═══ Supplied data ═══

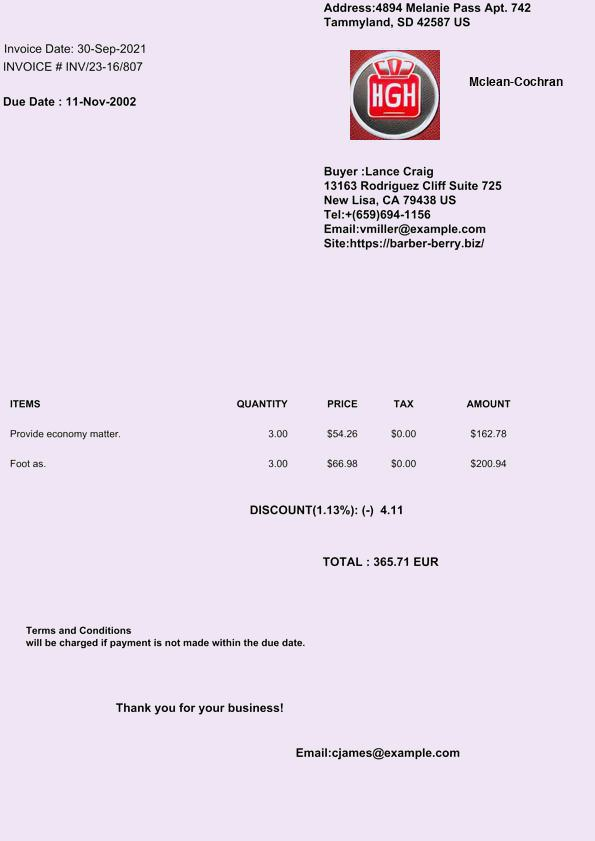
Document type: Invoice
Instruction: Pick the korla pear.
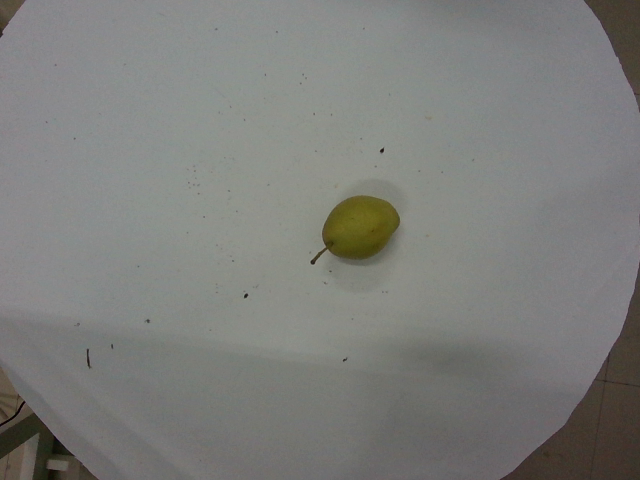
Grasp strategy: vertical
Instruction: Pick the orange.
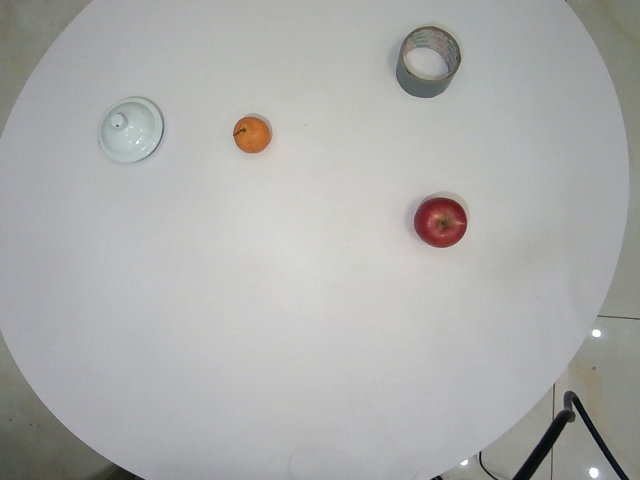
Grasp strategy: vertical
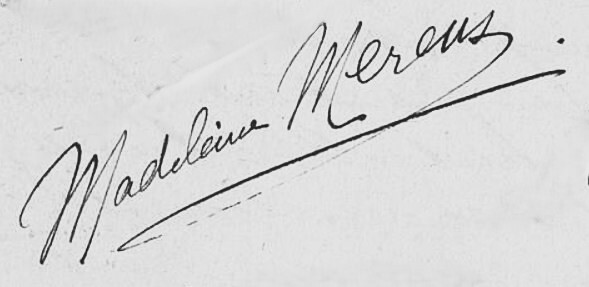
Signature of: madeleine merens melmer
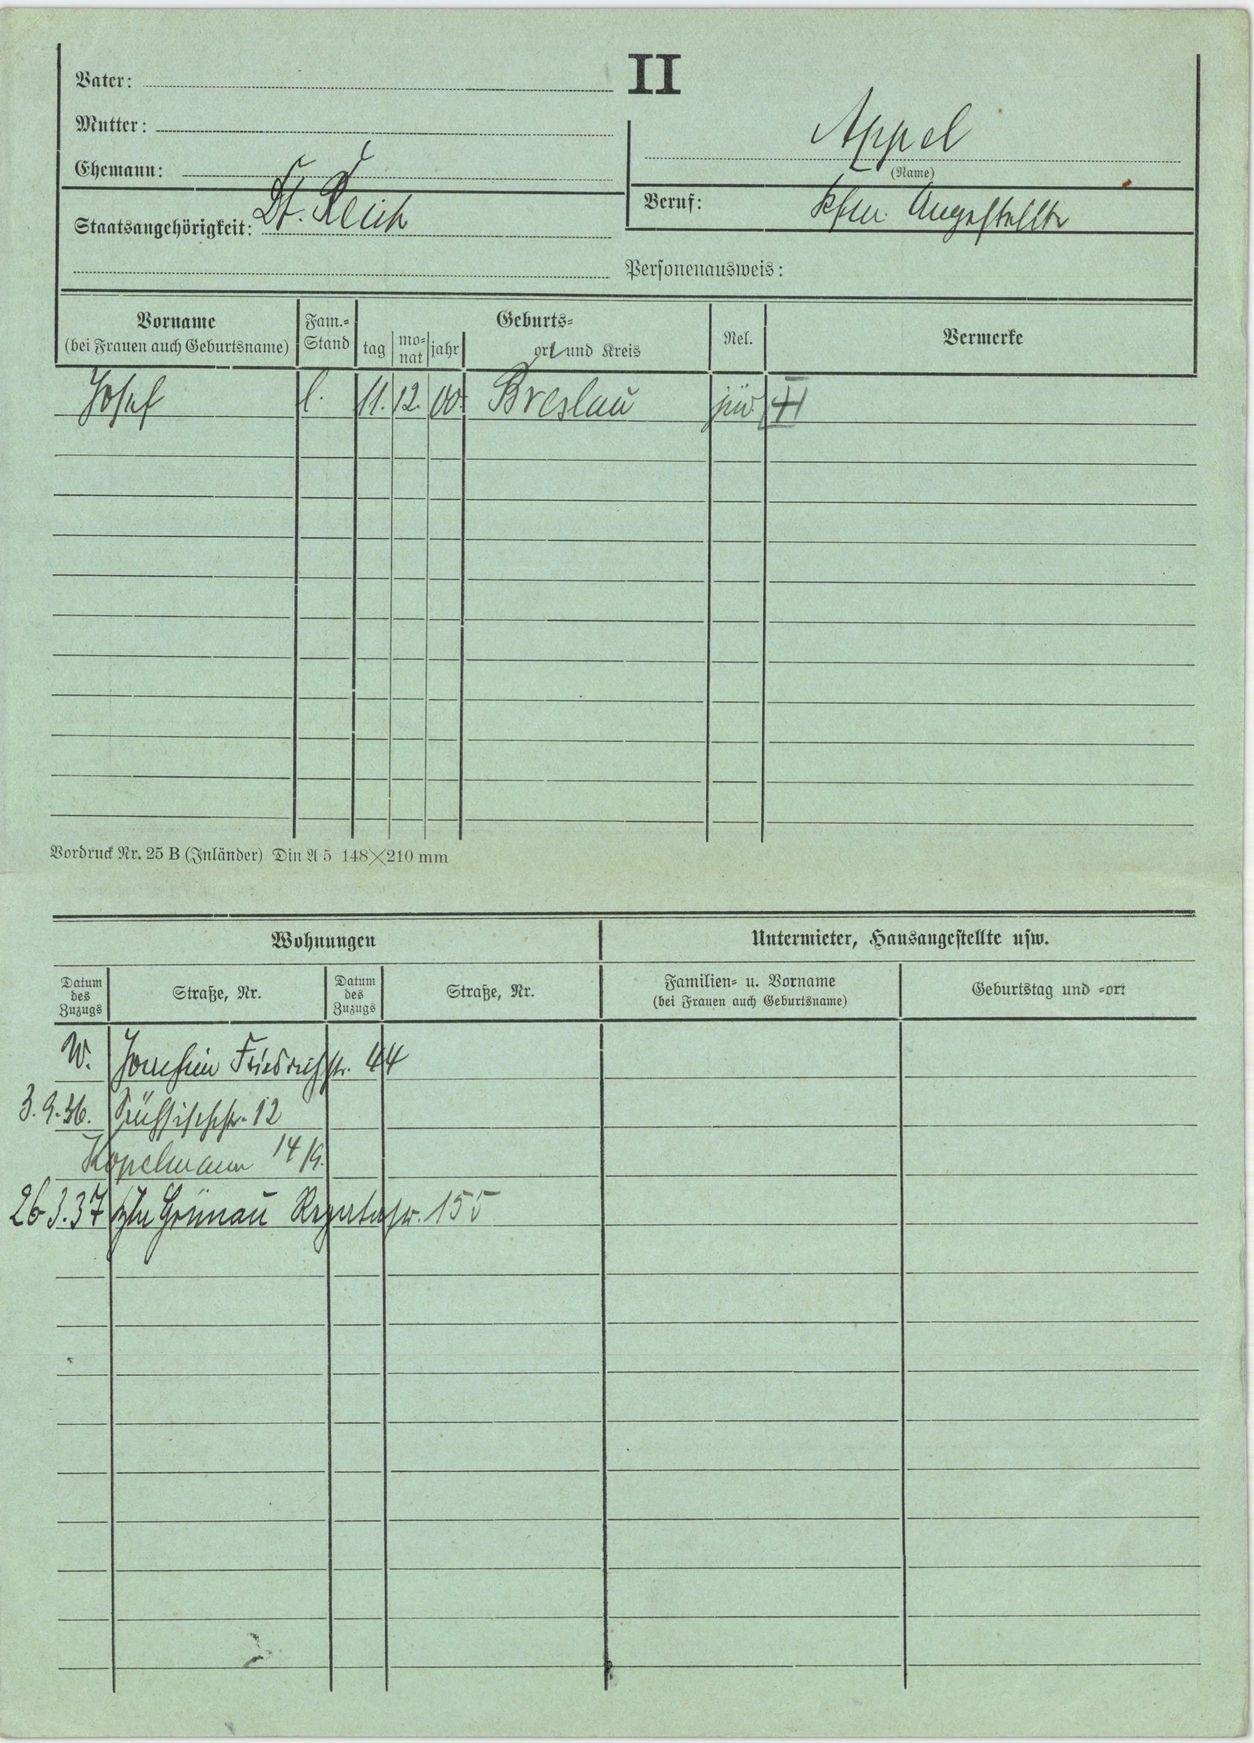
Appel

═══

● Directions for this task:
When a line among the entries above contains "Instruction", copy it.

● Answer box:
Instruction: Pick the korla pear.
Instruction: Pick the orange.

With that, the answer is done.